FIG. 1 is an enlarged cross-sectional view showing an optical fiber material according to the present invention.

FIG. 2 is an enlarged longitudinal sectional view showing a mode in which an optical fiber used in the present invention is inserted into a metal tube.

FIG. 3 is a schematic sectional view showing a state in which a tube-coated fiber core is immersed in an electrolytic solution.

FIG. 4 is a schematic cross-sectional view showing a state where an end of a tube-coated fiber core is coated with a thermoplastic resin.

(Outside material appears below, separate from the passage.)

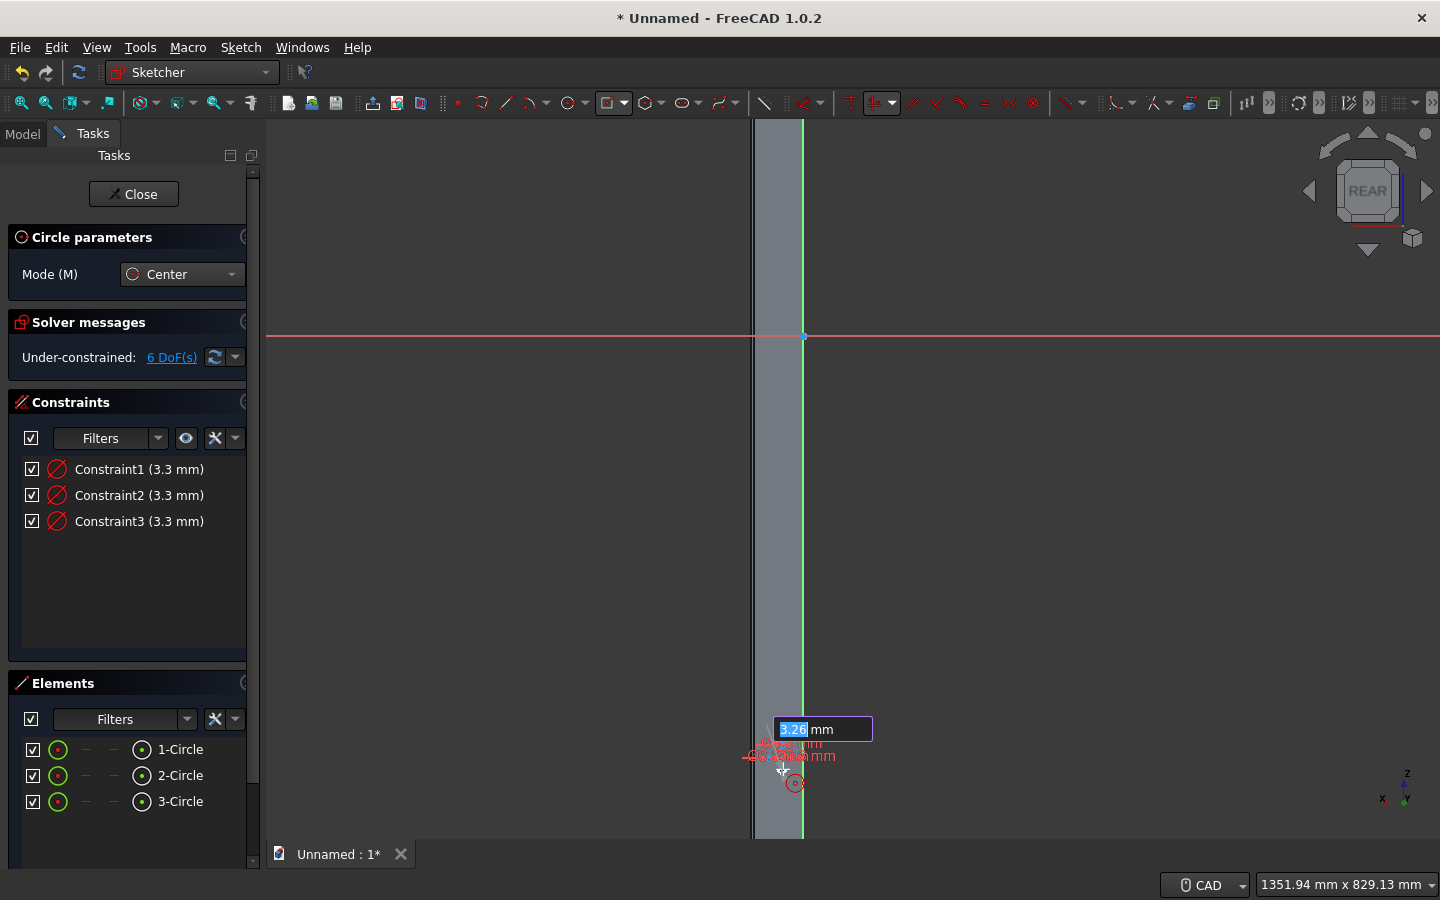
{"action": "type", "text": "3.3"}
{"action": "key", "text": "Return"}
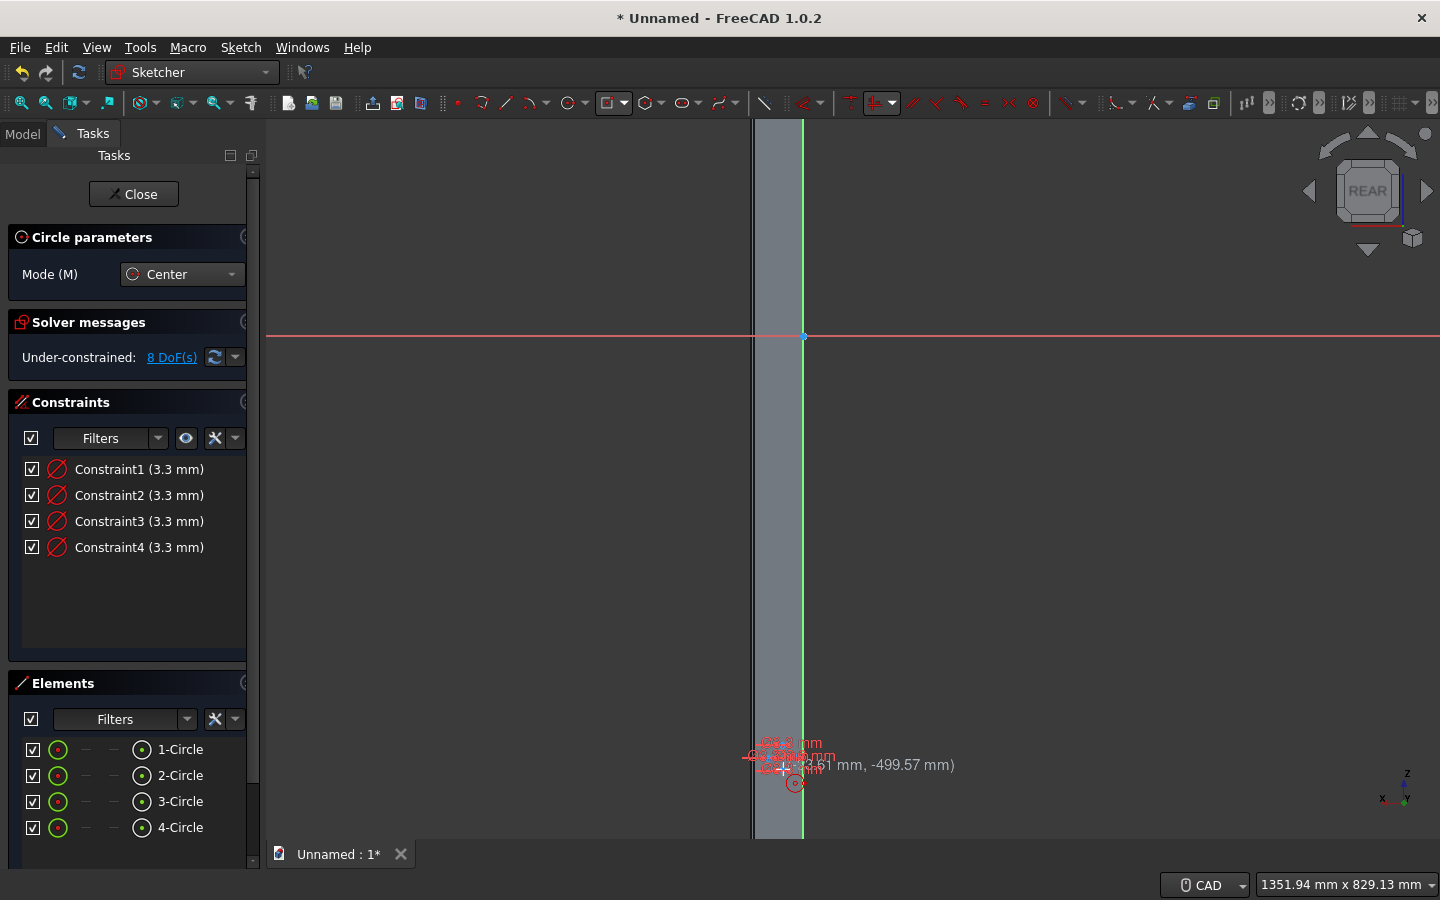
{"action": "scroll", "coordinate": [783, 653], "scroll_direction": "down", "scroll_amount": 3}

FIG. 5 is a schematic sectional view showing a state where the tube-coated fiber core wire of FIG. 4 is immersed in a plating solution.

FIG. 6 is an enlarged longitudinal sectional view showing an example of the optical fiber material of the present invention.

FIG. 7 is an enlarged vertical sectional view showing a modification of the optical fiber material.

[Explanation of symbols]

 Reference Signs List 1 optical fiber material 2 optical fiber 3 metal film 5 metal tube 6 metal plating layer 7 thermoplastic resin

Continuing on the front page (72) Inventor Toshiaki Kuroba 2-5, Kusunekitamachi, Neyagawa-shi, Osaka Kyowa Electric Wire Co., Ltd. (72) Inventor Kenichi Komura 2-6-1 Marunouchi, Chiyoda-ku, Tokyo Furukawa Electric Co., Ltd. (72) Inventor Kunio Ogura 2-6-1 Marunouchi, Chiyoda-ku, Tokyo Inside Furukawa Electric Co., Ltd. (56) References JP-A-54-74453 (JP, A) JP-A-59-184313 (JP, A (58) Fields surveyed (Int.Cl. ⁶ , DB name) G02B 6/44

Claims (5)

(57) [Claims] 1. A light in which a metal film is coated on an optical fiber.
A fiber core, and an elongated metal tube arranged mating with said optical fiber, a metal tube end portion is tapered one
The optical fiber core is exposed, leaving
A metal plating layer is formed from the metal coating on the wire to the tapered portion of the metal tube , and this metal plating layer is airtight by electroplating.
The optical fiber material covering the . 2. A light in which a metal film is coated on an optical fiber.
A fiber core wire and an elongated member fitted and arranged with the optical fiber core wire
With a small metal tube, leaving a part of the metal tube whose diameter has been reduced.
The optical fiber core is exposed and the metal sheath of the optical fiber core is
A metal plating layer is formed from the film to the end of the metal tube.
The metal plating layer is an optical fiber material that is airtightly covered by electroplating . 3. An optical fiber core having a metal coating is fitted into an elongated metal tube, and the end of the tube coated fiber is immersed in an electrolytic solution or a solution to remove only the end of the metal tube. A method for producing an optical fiber material in which electroplating is performed until the outer peripheral surface of the metal coating of the optical fiber reaches the end surface of the metal tube. 4. An optical fiber core having a metal coating is inserted into an elongated metal tube, and a part of the tube coated fiber core is immersed in an electrolytic solution or a solution to remove an end of the metal tube. From the above, a thermoplastic resin is applied to an end portion of the outer peripheral surface of the optical fiber while leaving a part of the metal film, and then electroplating is performed to reach an end surface of the metal tube, and then a light for removing the thermoplastic resin is applied. Fiber material manufacturing method. 5. The manufacturing method according to claim 3, wherein the optical fiber is inserted into a metal tube to reduce the diameter, and then a part of the tube coated fiber is immersed in an electrolytic solution or a solution. Method.